Нетающим снегом летит с тополей пух, легчайшей порошей пеленает землю <…>.

Мы выходим на плотину заводского пруда, раскинувшегося на несколько верст в длину и в ширину и чуть синеватого под оживающим ветром. <…> У пристани покачивается легкий и хрупкий пароходик, на котором никому не плыть к южным морям [3, с. 260].

Повторяющиеся в рассказах чувственно окрашенные образы рождают ритмические переклички и создают общий характер интонации, особую лирическую атмосферу, выражающую вечное стремление человека к красоте, к мечте, свету и  одновременно тоску по невозможному. 

Так, в особенностях сюжета и композиции, обусловленных передачей случайных впечатлений, вызвавших поток ассоциаций и уводящих в сферу чувств и эмоций, проявляются черты, свойственные жанровой манере этюда (компактность, ассоциативность, острота восприятия увиденного, эмоциональная доминанта, чувственная окрашенность образов), адекватно воплощающего импрессионистский мирообраз. Данная авторская номинация включена в заголовок, с помощью которого задается жанровый модус восприятия текста.

Библиографический список:

1. Мартышкина Т.Н. Импрессионистическое мировоззрение в западноевропейской культуре века: истоки, сущность и значение: автореф. дисс. … канд. культурологии / Т.Н. Мартышкина. – Нижневартовск, 2008. – С. 17.

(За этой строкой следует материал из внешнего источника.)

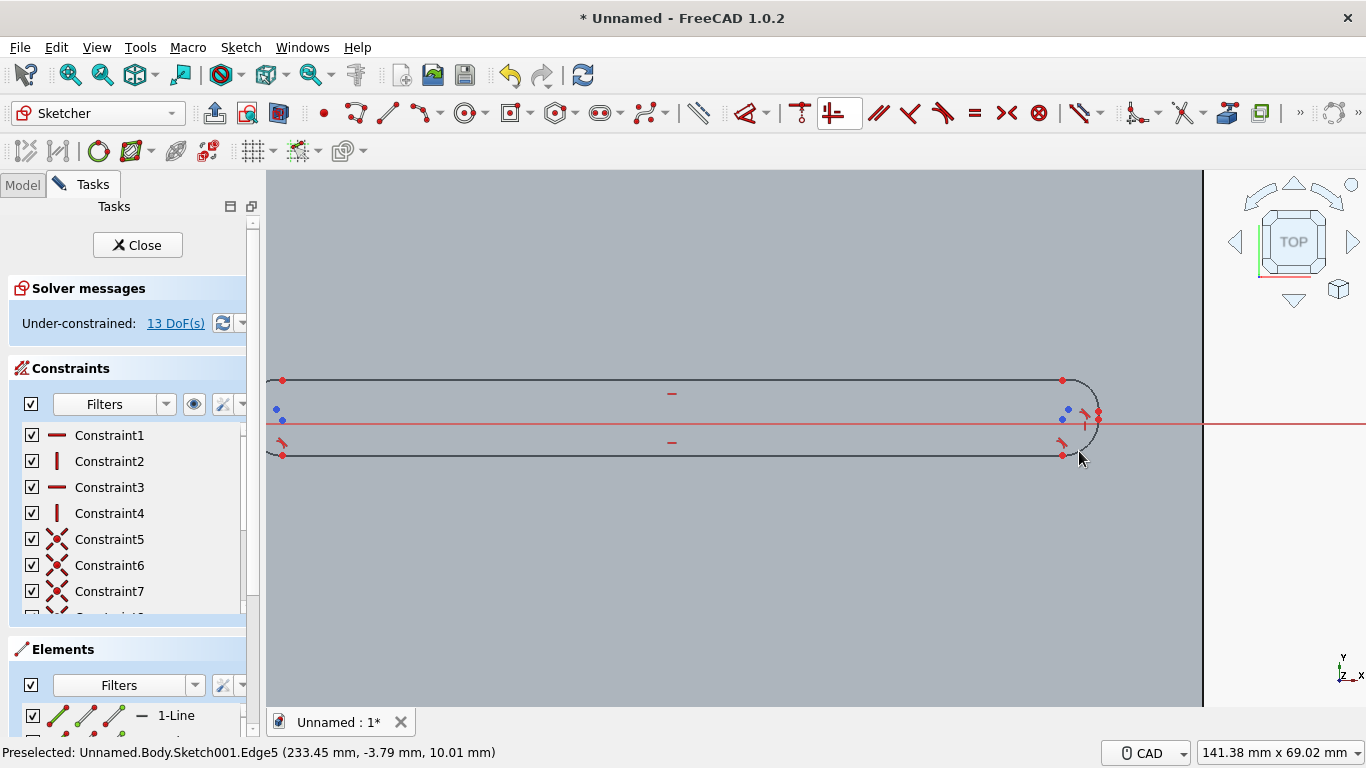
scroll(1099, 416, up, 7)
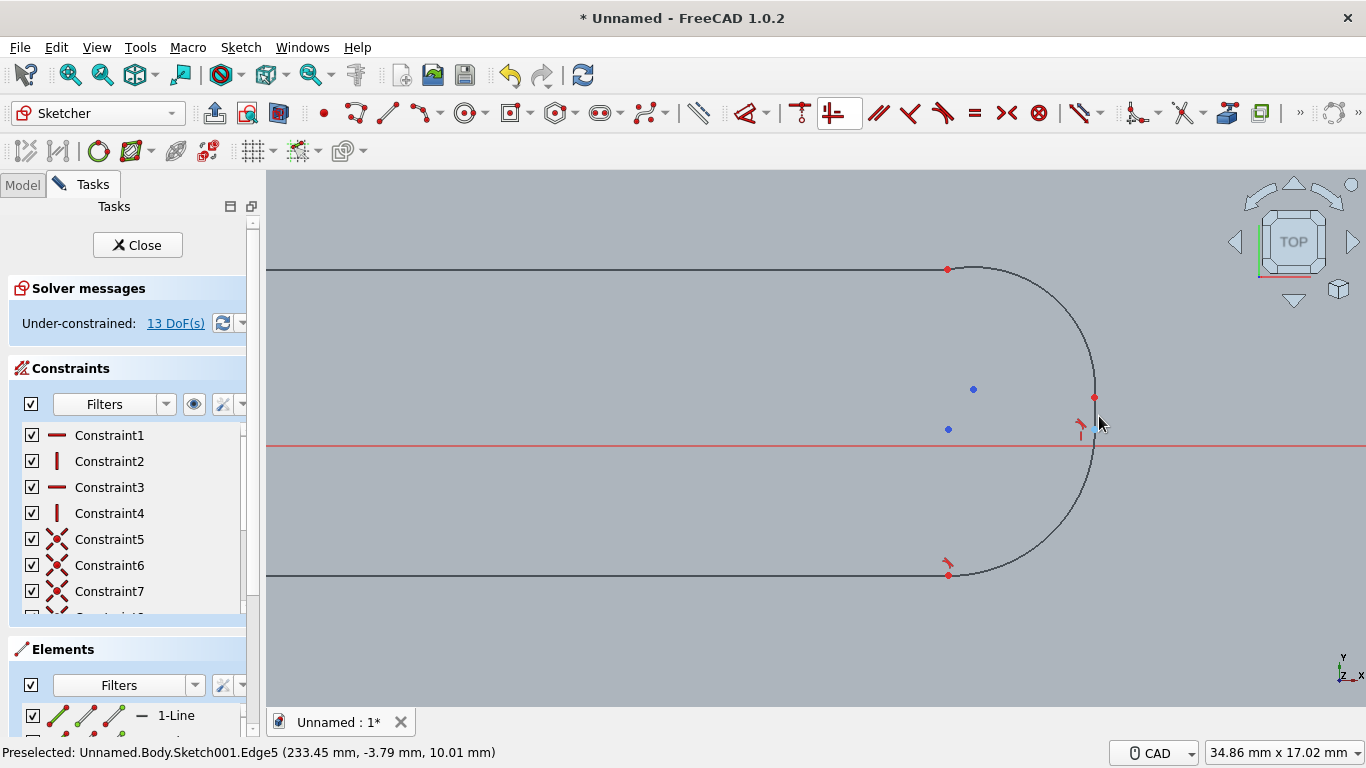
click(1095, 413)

2. Костюк В.В. Поэзия и проза Е. Гуро: к проблеме творческой индивидуальности: дисс. … канд. филол. наук / В.В. Костюк. – СПб, 2005. – С. 85.

3. Колоколов Н. Этюды / Н. Колоколов // Ровесники: Сборник содружества писателей революции «Перевал». – М.; Л.: Земля и фабрика, 1930. – С. 253–260.

 

Полная версия статьи опубликована в сборнике Наука ЮУрГУ: материалы 65-й научной конференции. Секции социально-гуманитарных наук: в 2 т. — Челябинск: Издательский центр ЮУрГУ, 2013. — Т. 1. — С. 51–55.